[[ DATA RECORDS, beginning ]]

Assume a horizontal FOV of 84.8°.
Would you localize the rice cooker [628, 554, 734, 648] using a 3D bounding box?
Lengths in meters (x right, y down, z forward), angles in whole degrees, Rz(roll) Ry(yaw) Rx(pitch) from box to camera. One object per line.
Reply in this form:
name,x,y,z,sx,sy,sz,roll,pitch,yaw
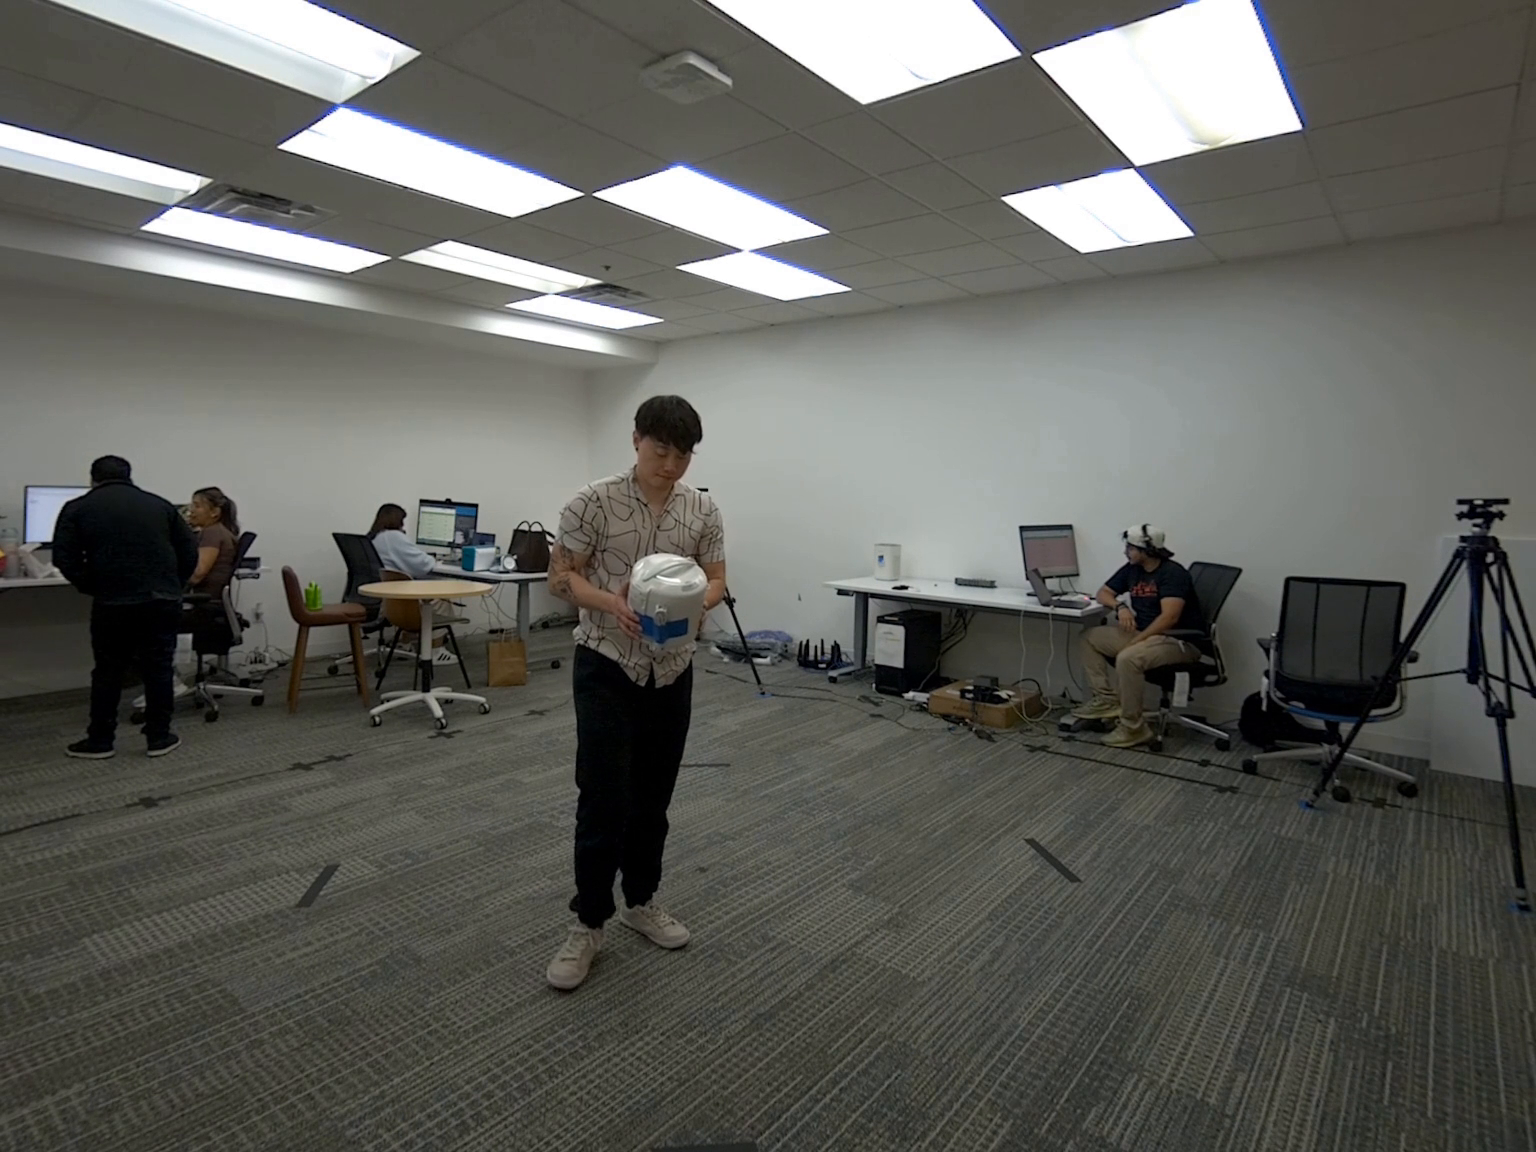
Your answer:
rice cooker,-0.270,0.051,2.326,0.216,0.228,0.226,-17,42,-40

[[ DATA RECORDS, end ]]
[[ DATA RECORDS, beginning ]]

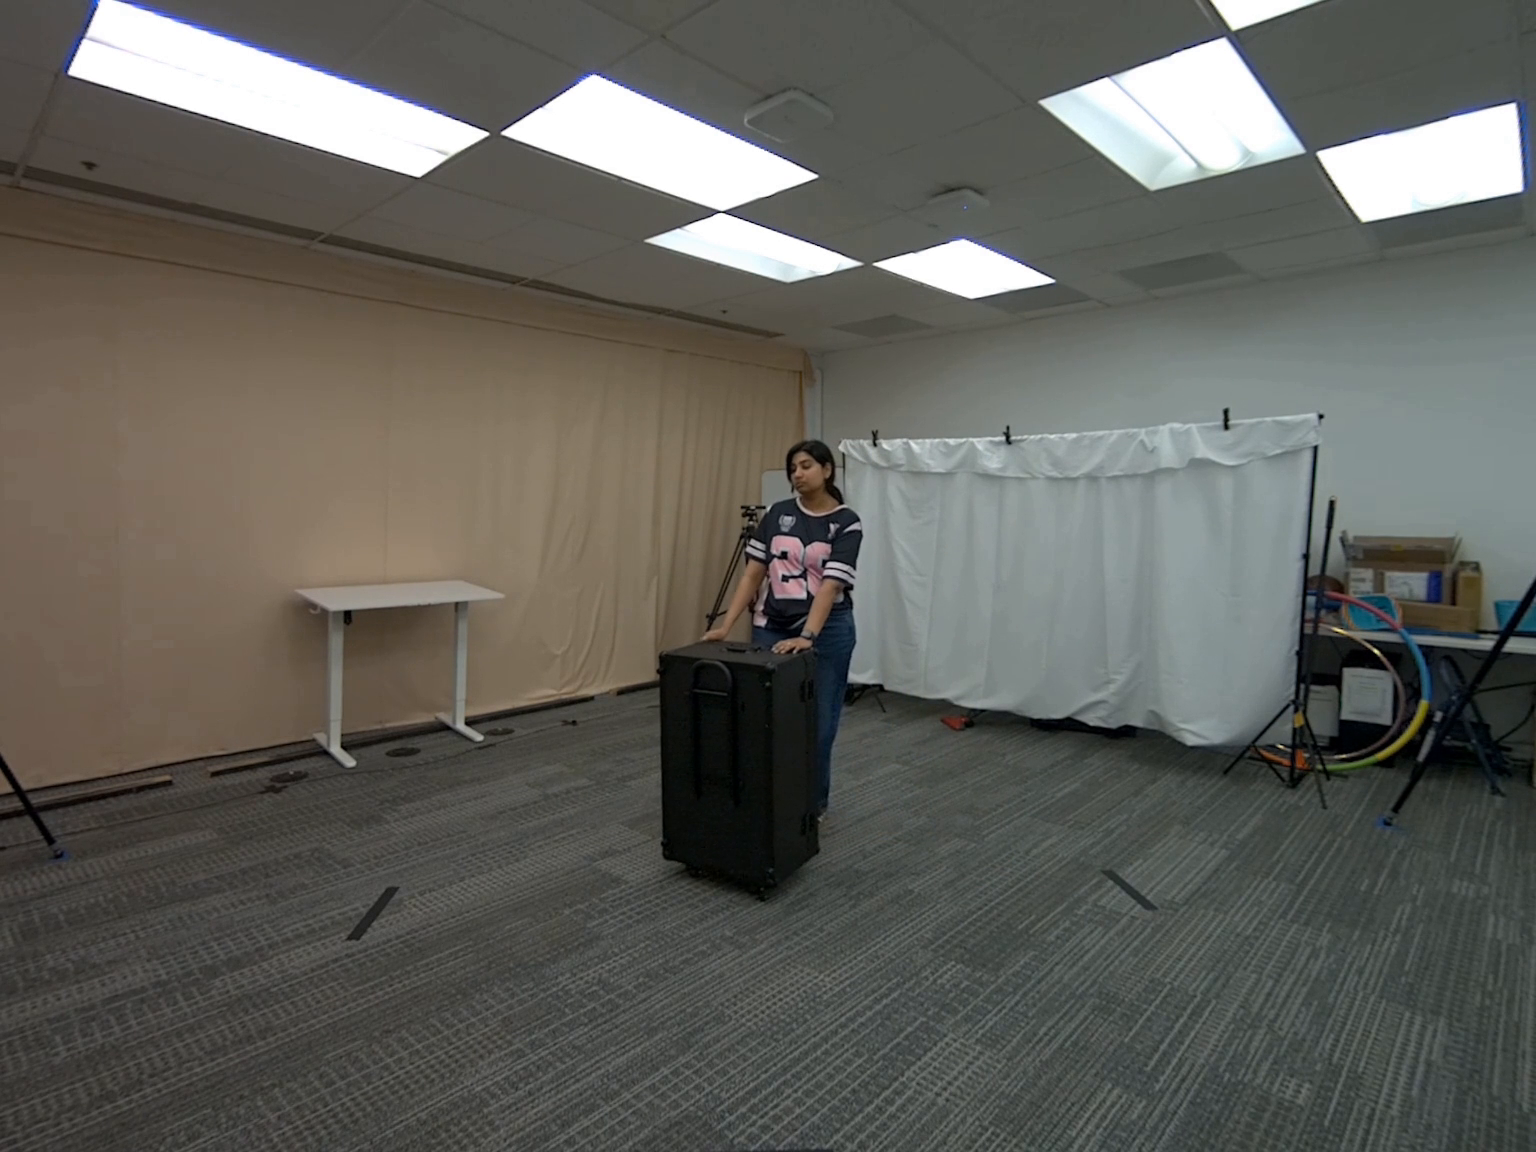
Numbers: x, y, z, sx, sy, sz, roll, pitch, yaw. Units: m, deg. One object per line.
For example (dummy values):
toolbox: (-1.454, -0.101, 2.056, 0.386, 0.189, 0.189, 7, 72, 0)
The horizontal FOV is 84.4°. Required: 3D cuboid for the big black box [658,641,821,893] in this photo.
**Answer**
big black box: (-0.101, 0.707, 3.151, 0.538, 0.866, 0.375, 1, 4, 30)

[[ DATA RECORDS, end ]]

- _TASK DIRECTIONS_
Word search in the records above: please count the lines holding "roll" and state the count alone.

- _RESULT OF THE TASK_
3